Greece on Friday announced its highest annual primary budget surplus since 1995, seven years before the switch to the common euro currency and during an era often plagued by nebulous statistics over state finances.
Greece on Friday announced its highest annual primary budget surplus since 1995, seven years before the switch to the common euro currency and during an era often plagued by nebulous statistics over state finances.
According to preliminary figures released by the now independent Greek statistical bureau (EL.STAT), whose institutional protection from government interference was another memorandum obligation, 2016 witnessed a primary budget surplus of 3.9 percent of GPD, or 6.937 billion euros in absolute terms.
The news was widely disseminated around the world and coincided with the beginning of the annual World Bank Group and IMF meetings in Washington D.C., whereas the beleaguered Greek coalition government received a welcome fillip on the fiscal front after months of gasping negotiations to try and conclude a second review of the Greek program.
The "downside", nevertheless, is the fact that the record-setting fiscal performance in the 15-year euro-era came as a result of a "tax tsunami" enacted in 2016 and pension cuts, which mainly hit the middle classes. A curtailment of state spending last year also helped, with the primary budget surplus figure improved by just more than 11 billion euros from 2015.
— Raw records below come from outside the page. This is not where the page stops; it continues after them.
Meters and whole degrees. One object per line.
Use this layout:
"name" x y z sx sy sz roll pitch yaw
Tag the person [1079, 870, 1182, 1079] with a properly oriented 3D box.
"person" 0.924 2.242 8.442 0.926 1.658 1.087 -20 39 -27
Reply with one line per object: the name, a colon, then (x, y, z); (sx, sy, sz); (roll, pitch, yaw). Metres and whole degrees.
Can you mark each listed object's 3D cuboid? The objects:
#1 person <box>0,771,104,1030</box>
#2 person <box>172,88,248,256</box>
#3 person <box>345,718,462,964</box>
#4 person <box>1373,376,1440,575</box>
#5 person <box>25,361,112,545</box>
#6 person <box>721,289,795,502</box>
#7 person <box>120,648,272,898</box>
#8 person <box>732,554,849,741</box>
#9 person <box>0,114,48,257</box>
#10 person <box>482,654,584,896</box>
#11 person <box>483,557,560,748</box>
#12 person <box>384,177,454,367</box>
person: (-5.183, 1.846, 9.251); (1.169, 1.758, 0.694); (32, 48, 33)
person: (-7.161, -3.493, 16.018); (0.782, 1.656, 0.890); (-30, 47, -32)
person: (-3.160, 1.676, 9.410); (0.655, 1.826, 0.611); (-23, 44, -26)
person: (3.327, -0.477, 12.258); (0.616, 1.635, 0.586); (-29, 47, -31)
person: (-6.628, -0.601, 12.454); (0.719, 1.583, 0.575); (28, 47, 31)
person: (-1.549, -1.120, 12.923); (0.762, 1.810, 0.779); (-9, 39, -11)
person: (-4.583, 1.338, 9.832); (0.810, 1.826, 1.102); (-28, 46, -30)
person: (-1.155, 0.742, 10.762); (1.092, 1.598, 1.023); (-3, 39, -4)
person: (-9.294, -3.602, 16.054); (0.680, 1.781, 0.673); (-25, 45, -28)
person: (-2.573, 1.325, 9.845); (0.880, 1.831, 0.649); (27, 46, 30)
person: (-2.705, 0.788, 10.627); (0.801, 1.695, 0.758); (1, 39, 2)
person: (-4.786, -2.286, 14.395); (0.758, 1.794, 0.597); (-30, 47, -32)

The still preliminary figure of 3.9 percent of GDP is based on EL.STAT's methodology (ESA 2010), and has already received a "green light" by Eurostat, with the former, in fact, expected to make official statements on Monday.
A government spokesman later said the actual figure reaches 4.19 percent of GDP for 2016, based on the definition of the primary budget surplus, as listed in the third memorandum agreement between Greece and its institutional creditors.
In a later announcement aimed to deflect sharp opposition and press criticism that the leftist-rightist coalition government essentially effected a "stop payment" over much of 2016, the finance ministry said "no government can inflate the primary surplus through a 'stop payment' and 'unpaid bills'," while referring to an "obsession" by the opposition and some of the Greek media.
The ministry claimed that the followed methodology, which is used by Eurostat, takes into account state arrears.